Description of the task |
Your answer must be an exact copy of the records below, with every picture left out.

----------

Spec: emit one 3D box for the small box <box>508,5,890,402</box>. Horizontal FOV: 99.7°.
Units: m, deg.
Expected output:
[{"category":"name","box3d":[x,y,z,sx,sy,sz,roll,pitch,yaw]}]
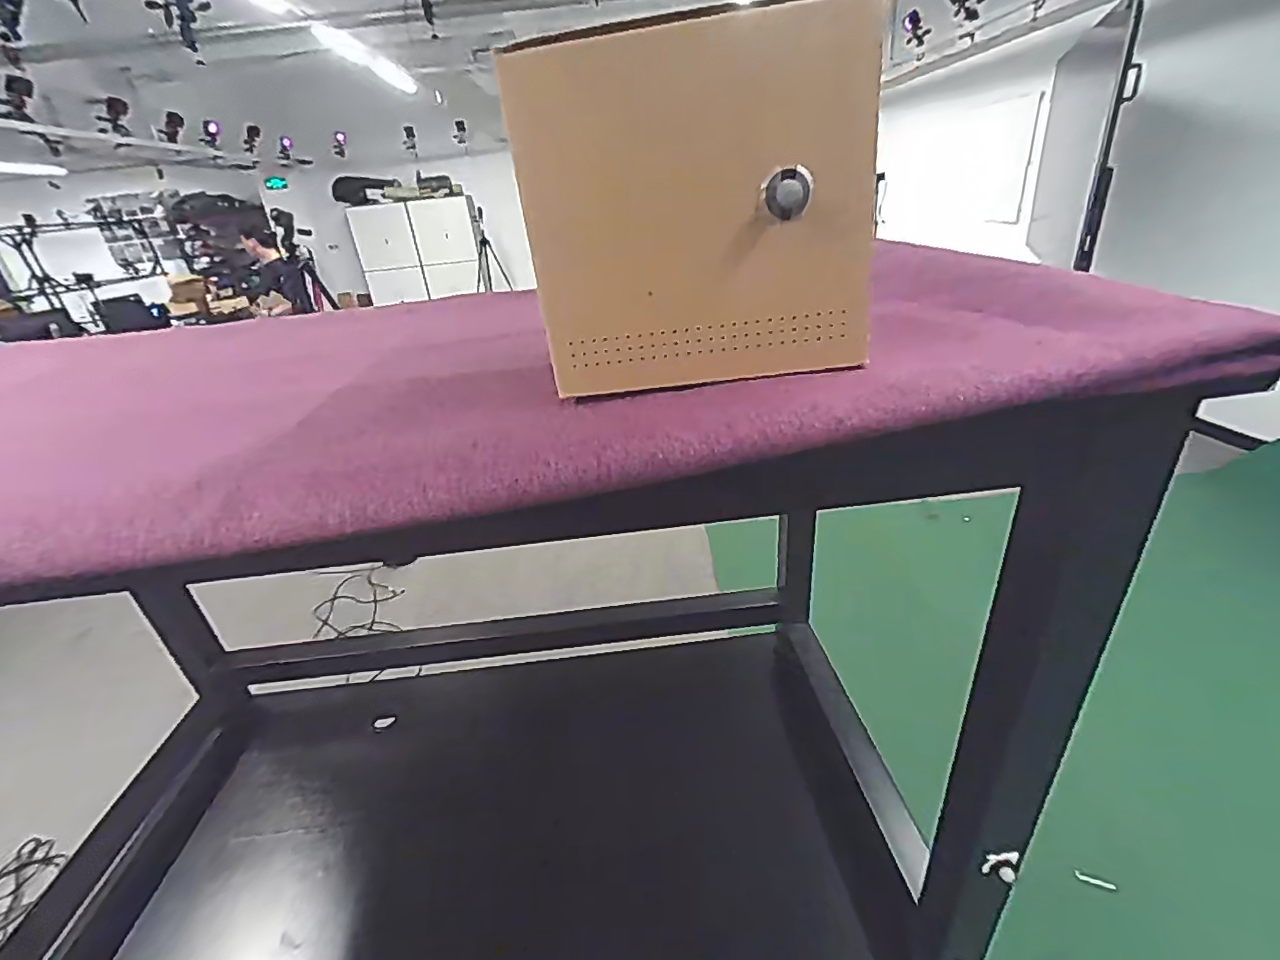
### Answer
[{"category":"small box","box3d":[0.037,-0.158,0.348,0.179,0.176,0.168,-6,24,5]}]
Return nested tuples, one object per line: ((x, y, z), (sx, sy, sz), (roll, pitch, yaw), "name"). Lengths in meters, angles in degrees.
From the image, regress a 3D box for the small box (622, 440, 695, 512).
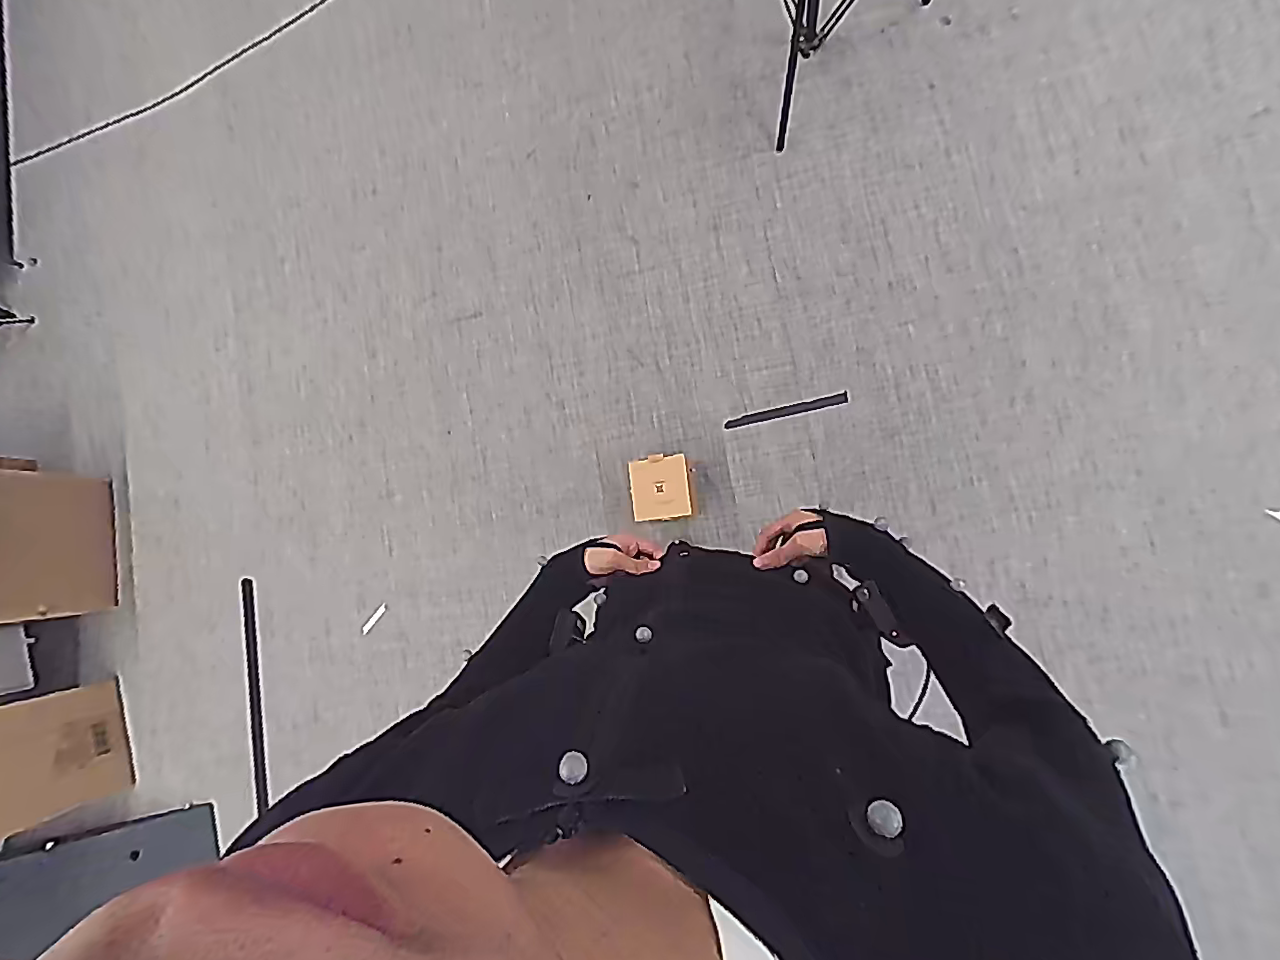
((0.056, -0.005, 1.526), (0.168, 0.176, 0.179), (-8, 84, 13), "small box")
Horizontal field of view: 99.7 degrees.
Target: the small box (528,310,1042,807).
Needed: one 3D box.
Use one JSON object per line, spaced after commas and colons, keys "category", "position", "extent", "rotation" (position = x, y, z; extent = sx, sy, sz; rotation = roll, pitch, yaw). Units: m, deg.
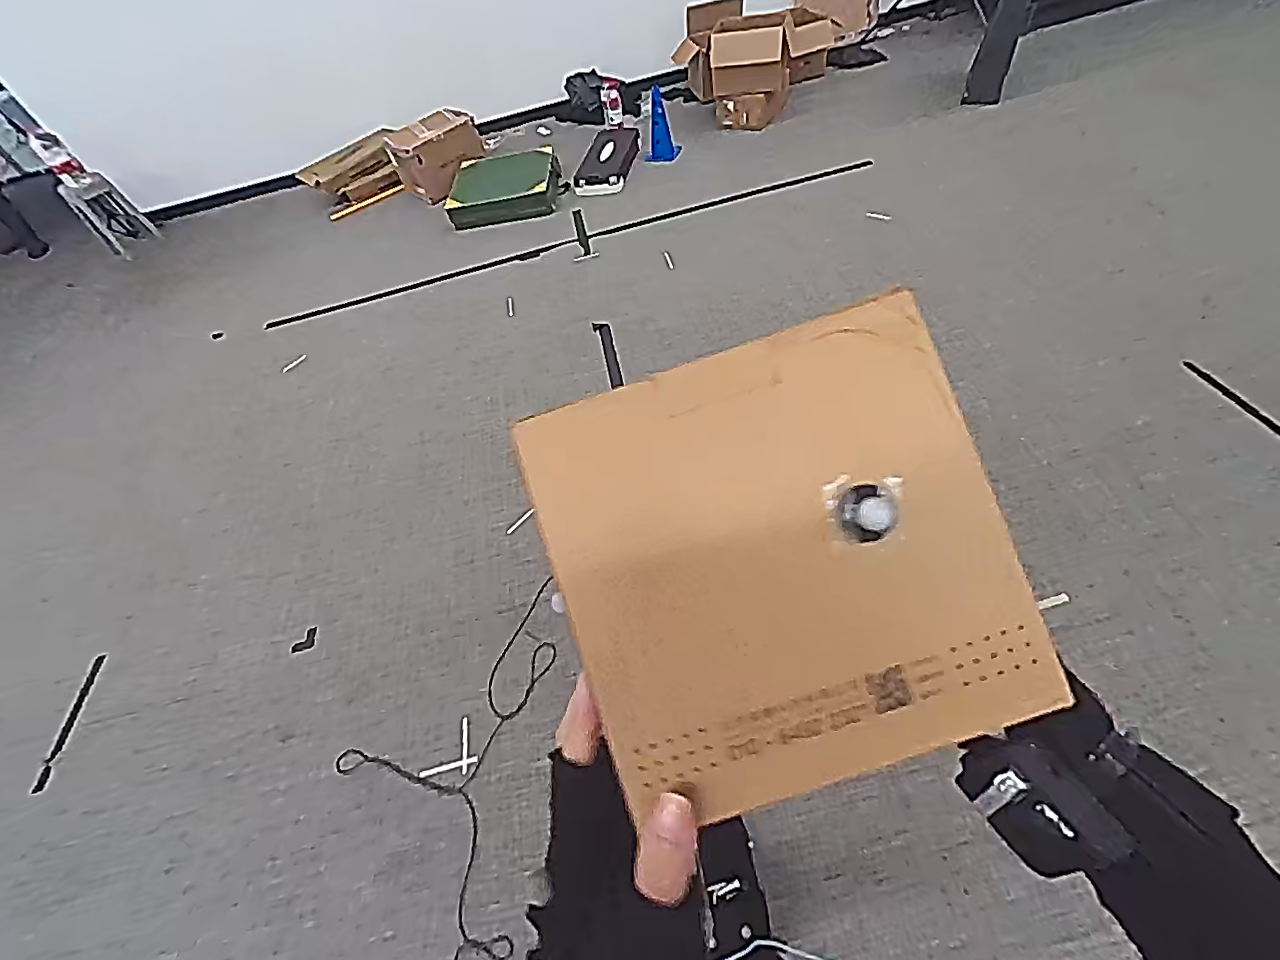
{"category": "small box", "position": [0.060, 0.042, 0.289], "extent": [0.168, 0.179, 0.176], "rotation": [-18, 86, 0]}
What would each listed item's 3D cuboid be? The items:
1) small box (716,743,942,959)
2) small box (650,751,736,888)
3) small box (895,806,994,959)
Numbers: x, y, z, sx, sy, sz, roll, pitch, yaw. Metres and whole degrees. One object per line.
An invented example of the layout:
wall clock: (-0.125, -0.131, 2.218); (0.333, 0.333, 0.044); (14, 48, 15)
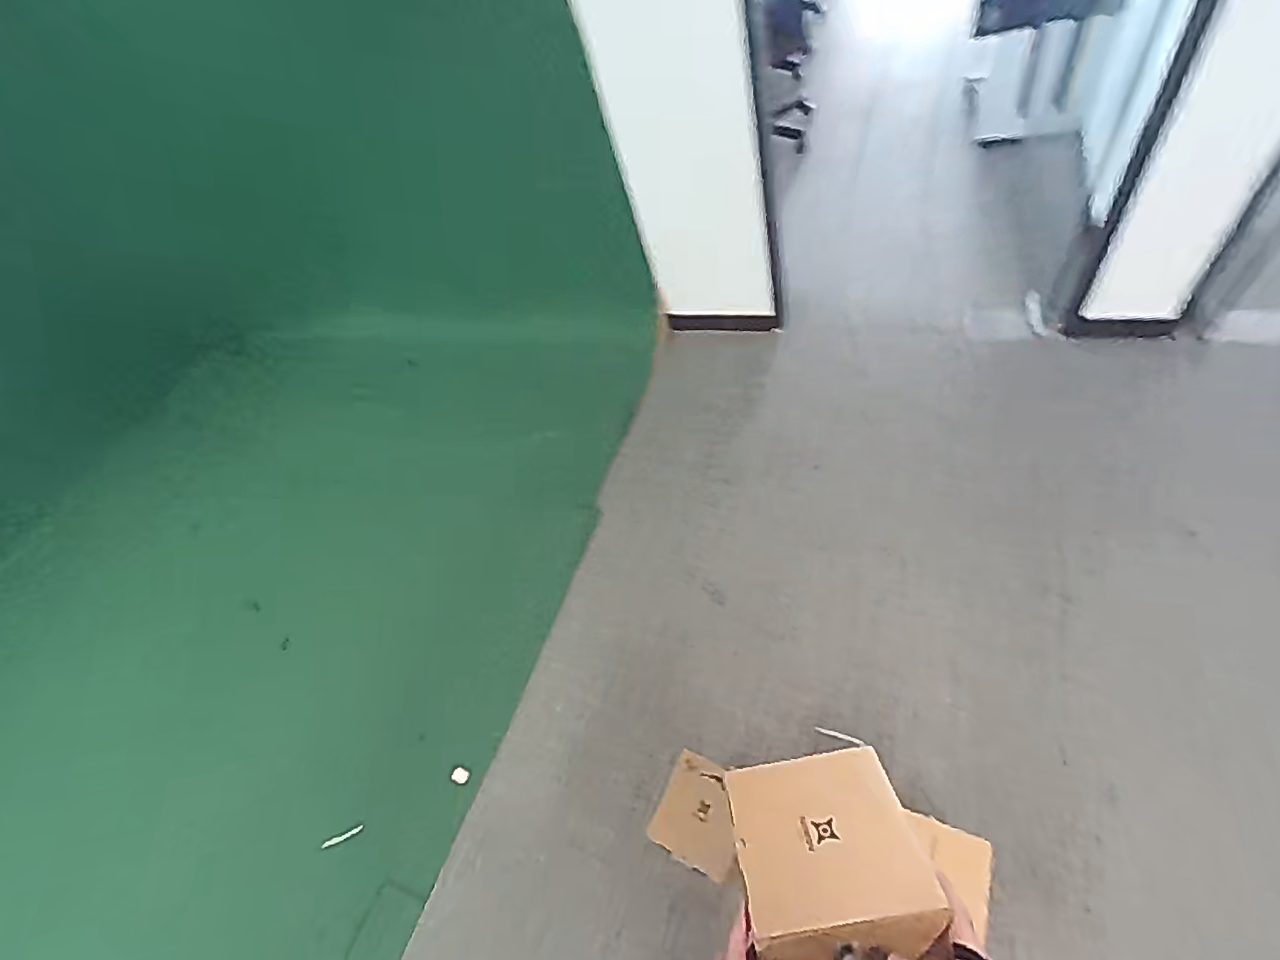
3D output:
small box: (0.192, 0.422, 0.578); (0.179, 0.176, 0.168); (-14, 24, 3)
small box: (0.147, 0.688, 1.100); (0.168, 0.176, 0.179); (17, 63, 28)
small box: (0.505, 0.708, 0.953); (0.168, 0.176, 0.179); (11, 59, 27)

----------

Response to this exercise |
Spec: emit one 3D box for the small box <box>508,5,890,402</box>. Horizontal FOV: 99.7°.
Units: m, deg.
Expected output:
[{"category":"name","box3d":[x,y,z,sx,sy,sz,roll,pitch,yaw]}]
### Answer
[{"category":"small box","box3d":[0.037,-0.158,0.348,0.179,0.176,0.168,-6,24,5]}]
Return nested tuples, one object per line: ((x, y, z), (sx, sy, sz), (roll, pitch, yaw), "name"). Lengths in meters, angles in degrees.
From the image, regress a 3D box for the small box (622, 440, 695, 512).
((0.056, -0.005, 1.526), (0.168, 0.176, 0.179), (-8, 84, 13), "small box")
Horizontal field of view: 99.7 degrees.
Target: the small box (528,310,1042,807).
Needed: one 3D box.
Use one JSON object per line, spaced after commas and colons, keys "category", "position", "extent", "rotation" (position = x, y, z; extent = sx, sy, sz; rotation = roll, pitch, yaw). Units: m, deg.
{"category": "small box", "position": [0.060, 0.042, 0.289], "extent": [0.168, 0.179, 0.176], "rotation": [-18, 86, 0]}
What would each listed item's 3D cuboid be? The items:
1) small box (716,743,942,959)
2) small box (650,751,736,888)
3) small box (895,806,994,959)
Numbers: x, y, z, sx, sy, sz, roll, pitch, yaw. Metres and whole degrees. One object per line.
An invented example of the layout:
wall clock: (-0.125, -0.131, 2.218); (0.333, 0.333, 0.044); (14, 48, 15)
3D output:
small box: (0.192, 0.422, 0.578); (0.179, 0.176, 0.168); (-14, 24, 3)
small box: (0.147, 0.688, 1.100); (0.168, 0.176, 0.179); (17, 63, 28)
small box: (0.505, 0.708, 0.953); (0.168, 0.176, 0.179); (11, 59, 27)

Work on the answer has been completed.